For {9,9,9,8,8}, there are only three situations. Either two 8's are negative, one 8 is positive and one 8 is negative or two 8's are positve. So sum of digits are either 3*9-2*8=11, 9-9+9-8+8=9 or 8-9+8-9+9=7.

For {9,9,9,9,7}, 9-7+9-9+9=11 is only solution.

Answer 14

So 98989 is the only number that is divisible by 11 formed by the set of digit {9,9,9,8,8} as 9-8+9-8+9=11. The only valid exchange of digits such that the number will still be divisible by 11 is switching the two 8's, which will result in the same number.

For {9,9,9,9,7}, 97999 and 99979 are both valid solution as 9-7+9-9+9=9-9+9-7+9=11.

So there are three solutions.
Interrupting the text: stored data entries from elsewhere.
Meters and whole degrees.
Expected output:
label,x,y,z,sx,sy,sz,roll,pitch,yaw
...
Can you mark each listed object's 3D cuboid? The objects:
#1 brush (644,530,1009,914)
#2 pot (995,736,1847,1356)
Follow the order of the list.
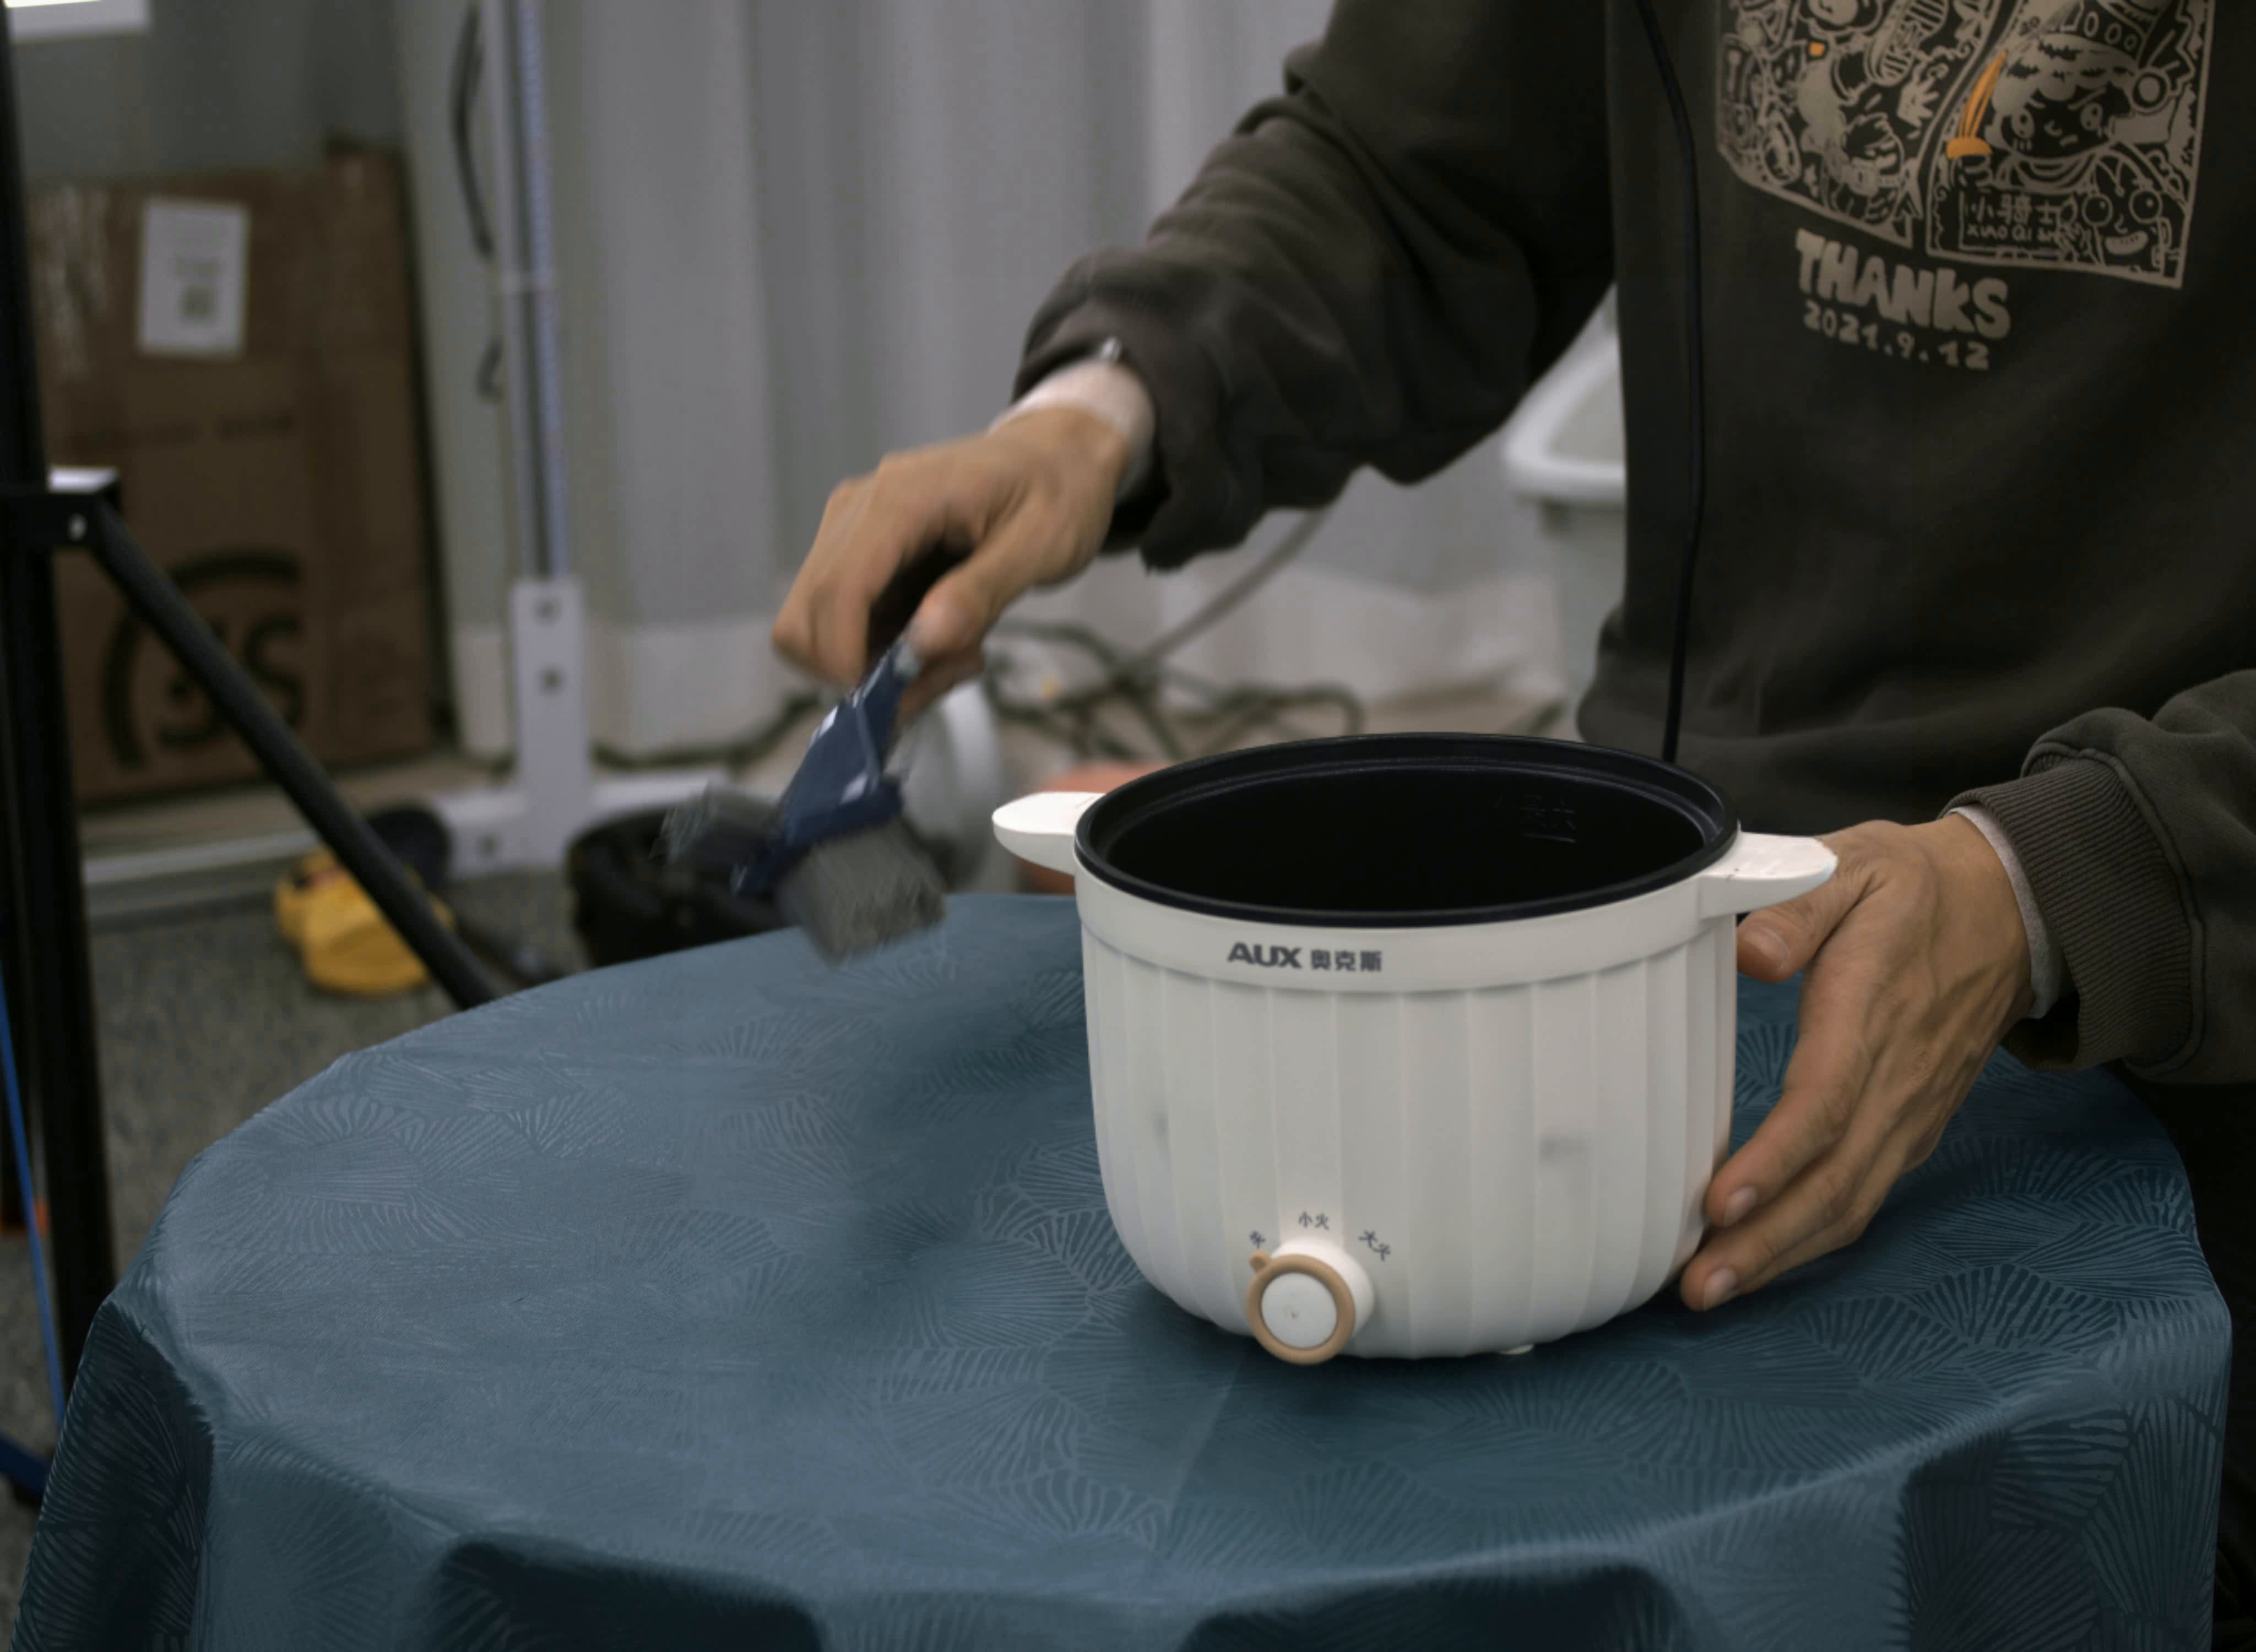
label,x,y,z,sx,sy,sz,roll,pitch,yaw
brush,-0.084,-0.046,1.629,0.095,0.034,0.274,40,22,-13
pot,0.078,0.063,1.453,0.243,0.143,0.188,2,12,21

You should be able to figure out the rest.

Answer 15

one more doubt... :D
how to examine if a number is divisible by 11?
what i have in mind is alternate number sum should be equal like 121; 1+1 =2
so I dont get what do you mean by two 8's are negative

Answer 16

By two 8's are negative, I mean that in 9-8+9-8+9 the two 8's are subtracted from other numbers.

Answer 17

@thomas5267 got any idea for the original permutation question?

Answer 18

Do the words formed have to be valid in English or is this just a combinatorial question?

Answer 19

H : 3
R : 2
I : 2
P : 2
U : 1
A : 1
Y : 1

Consider the case where R are at both ends of the word. Then there are \(\dfrac{10!}{3!2!2!1!1!1!}=151200\) possibilities.
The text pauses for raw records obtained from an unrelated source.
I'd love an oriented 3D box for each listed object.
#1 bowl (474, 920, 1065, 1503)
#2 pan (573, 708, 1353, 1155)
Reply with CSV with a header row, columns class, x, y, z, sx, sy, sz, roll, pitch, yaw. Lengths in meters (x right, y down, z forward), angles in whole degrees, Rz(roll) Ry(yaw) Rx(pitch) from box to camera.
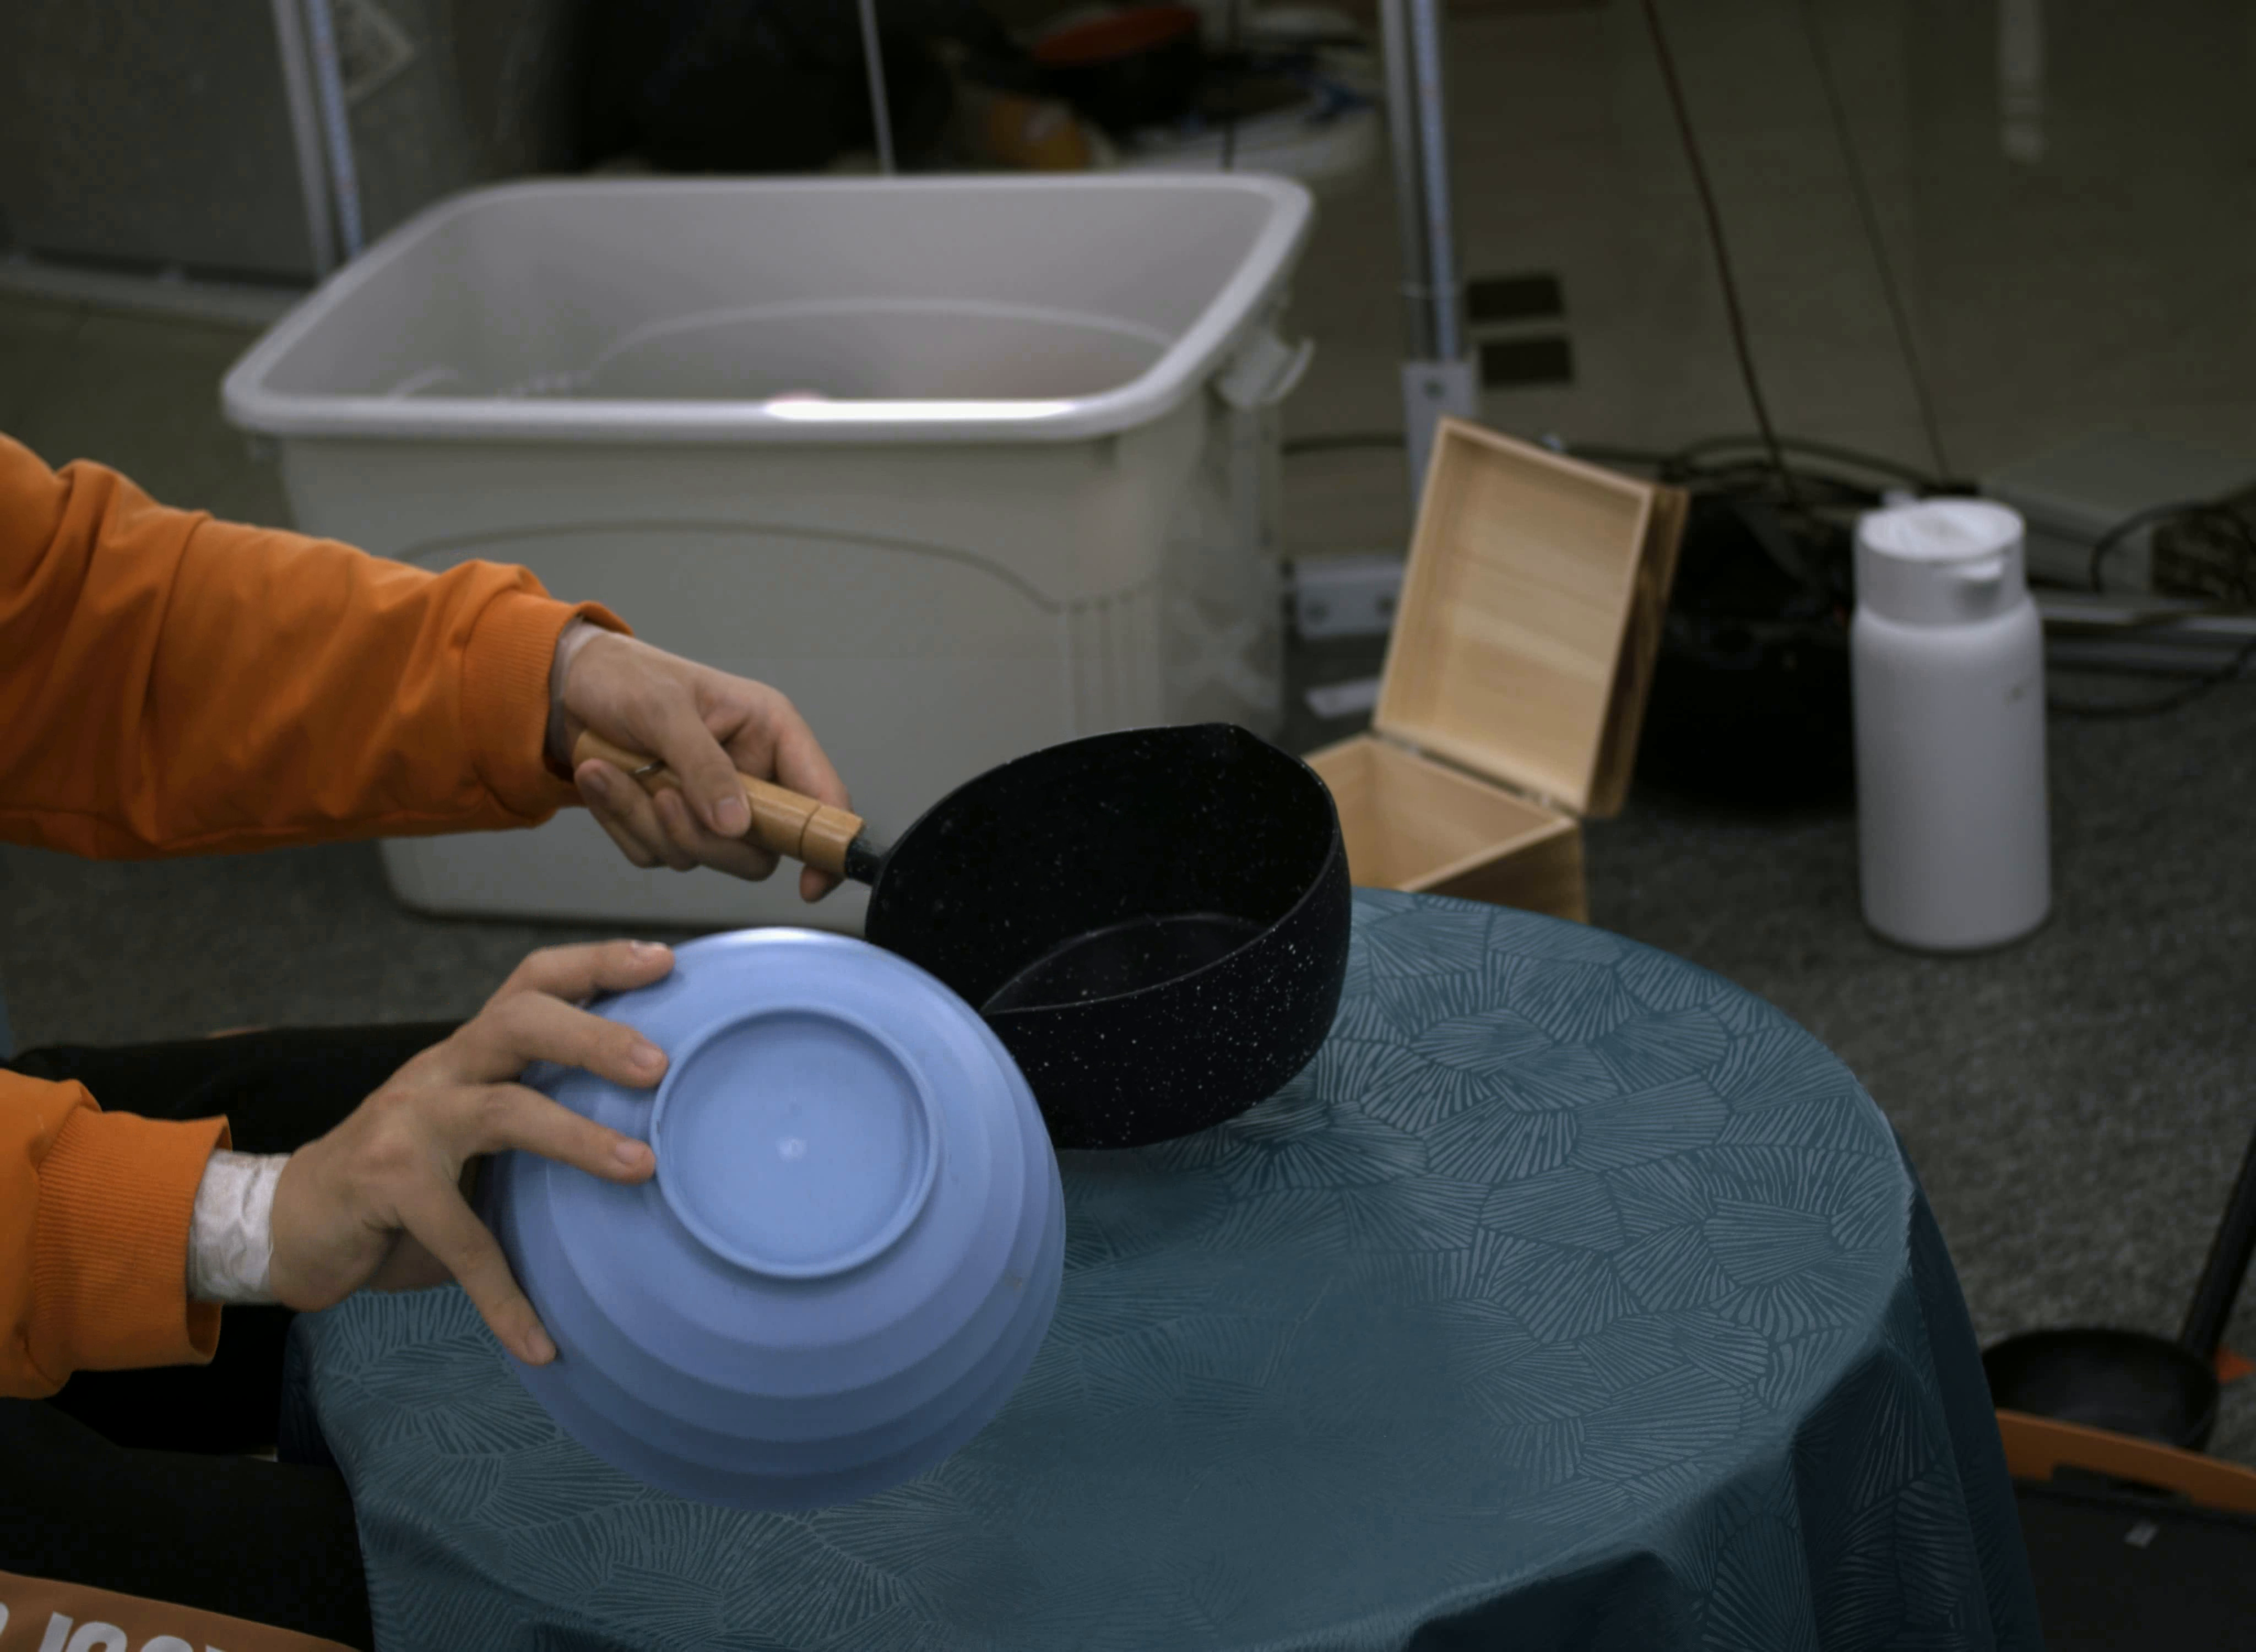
class,x,y,z,sx,sy,sz,roll,pitch,yaw
bowl,-0.112,0.113,1.836,0.196,0.195,0.096,-12,-16,-12
pan,-0.070,0.027,2.219,0.341,0.110,0.204,10,42,30

I postulate that the combinations are equal to\[
\frac{7!}{2!\,2!}\sum_{k=0}^7\binom{n+3}{3}(8-n)=997920
\]

Answer 20

Let me explain the divisible by 11 question.

Part a, the set of digits such that the sum is 43.

The maximum sum of digit of a 5 digit number is 45.
\[
9+9+9+9+9=45\\
9+9+9+9+9-2=43\\
9+9+9+9+7=43\\
9+9+9+(9-1)+(9-1)=43\\
9+9+9+8+8=43
\]
So the two sets are {9,9,9,8,8} and {9,9,9,9,7}.

Part b, numbers that are divisible for 11 constructed using the two sets of digits.
\[
a=\sum_{k=0}^4a_k10^k\\
a=\sum_{k=0}^4a_k10^k\equiv0\pmod{11}\iff\sum_{k=0}^4a_k(-1)^k\equiv0\pmod{11}\\
a_0-a_1+a_2-a_3+a_4\equiv0\pmod{11}
\]
Consider the set {9,9,9,8,8}. We have to add three elements of the set and subtract two elements of the set such that the result is 11n (as \(a_0-a_1+a_2-a_3+a_4\equiv0\pmod{11}\)). Either we add two 8's, we add one 8 and subtract one 8, or we subtract two 8's.

8+8-9+9-9=7 (add two 8's)
9-9+9-8+8=9 (add one 8 and subtract one 8)
9+9+9-8-8=11 (subtract two 8's)

So 98989 is the only number constructed using {9,9,9,8,8} as digits that is divisible by 11. (We have subtracted two 8's, so it must be in \(a_1\) and \(a_3\). Swapping the two 8's still yields 98989.)

Consider the set {9,9,9,9,7}. Again, add three elements and subtract two such that the results equal 11n. This time, we either add 7 or subtract 7.

9+9+7-9-9=7 (add 7)
9+9+9-9-7=11 (subtract 7)

So 7 is either \(a_1\) or \(a_3\) as we have subtracted 7. 99979 (\(7=a_1\)) and 97999 (\(7=a_3\)) are the two numbers.

There are 3 numbers that are divisible by 11 in the set of five digits numbers such that the sum of digits = 43. The probability of finding such number in the set is left as an exercise for the reader XD.